Download or read book My Uncle Is a Sanitation Worker written by Charmaine Robertson and published by The Rosen Publishing Group, Inc. This book was released on 2016-07-15 with total page 16 pages. Available in PDF, EPUB and Kindle. Book excerpt: Through this book, help your readers learn about community and the part we all play in keeping it clean. Without sanitation workers, our world would be a very different place. Guide early readers through this fascinating book about trash and the important job of sanitation workers.

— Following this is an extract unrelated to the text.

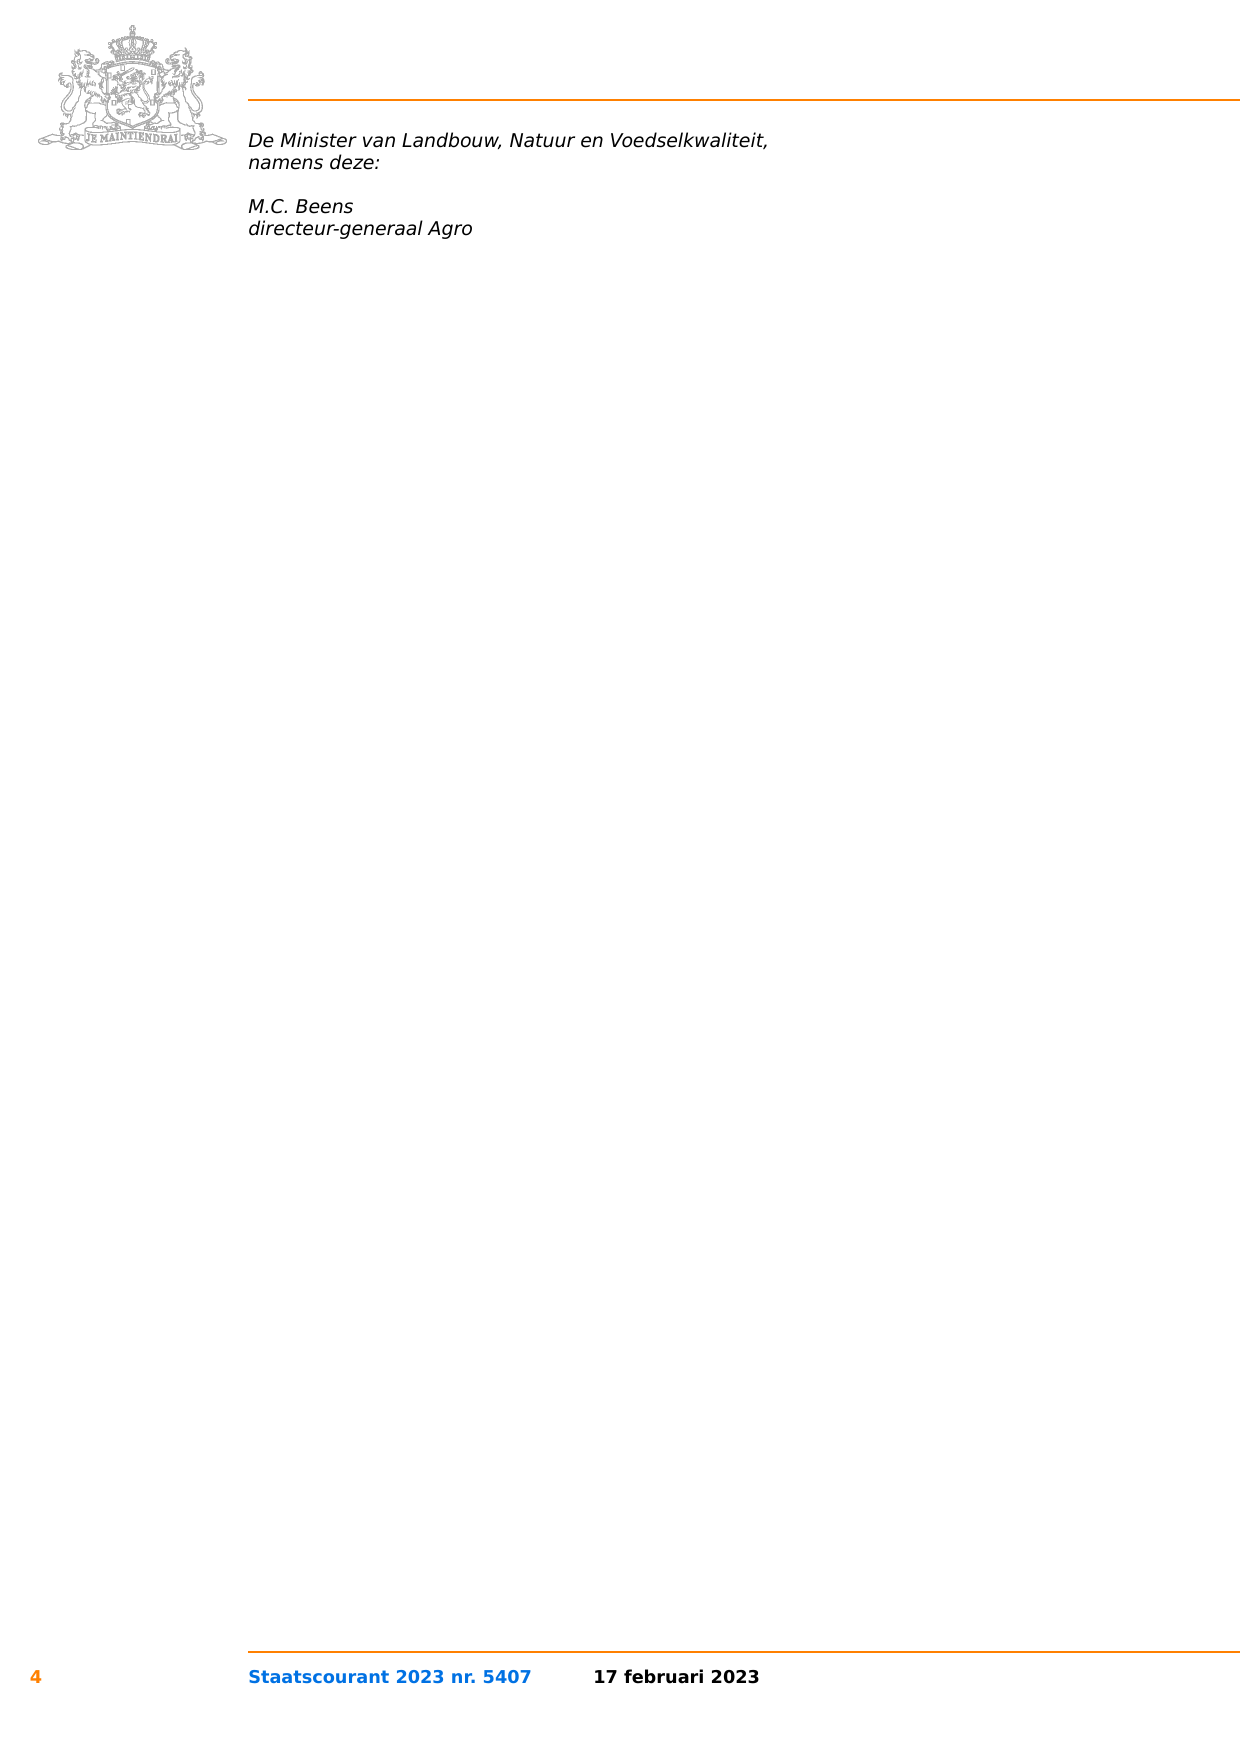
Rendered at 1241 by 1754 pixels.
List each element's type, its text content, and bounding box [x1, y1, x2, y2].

text De Minister van Landbouw, Natuur en Voedselkwaliteit, namens deze: M.C. Beens directeur-generaal Agro [248, 130, 1163, 240]
picture [38, 25, 227, 150]

Book Meet a Sanitation Worker   In Our Neighborhood

Download or read book Meet a Sanitation Worker In Our Neighborhood written by Jodie Shepherd and published by Scholastic Inc.. This book was released on 2021-09-07 with total page 36 pages. Available in PDF, EPUB and Kindle. Book excerpt: Join Emma and Theo on their adventures as they meet community helpers in their neighborhood! Theo and Emma are doing a class project about sanitation workers—and now they are headed to the recycling center to learn more. Come along as they get a firsthand look at a sanitation worker’s job. Join in the excitement as these fun-loving friends continue to meet a variety of new community helpers and learn the ins-and-outs of their very important jobs. Each story is told from the point of view of either Emma or Theo in an engaging narrative that combines fiction and nonfiction text. Beautiful illustrations and real-life photos contribute to the fun. Add in a detailed map, a Q&A with a community helper, as well as tips and tools, and you've got a series of books that kids won't want to put down!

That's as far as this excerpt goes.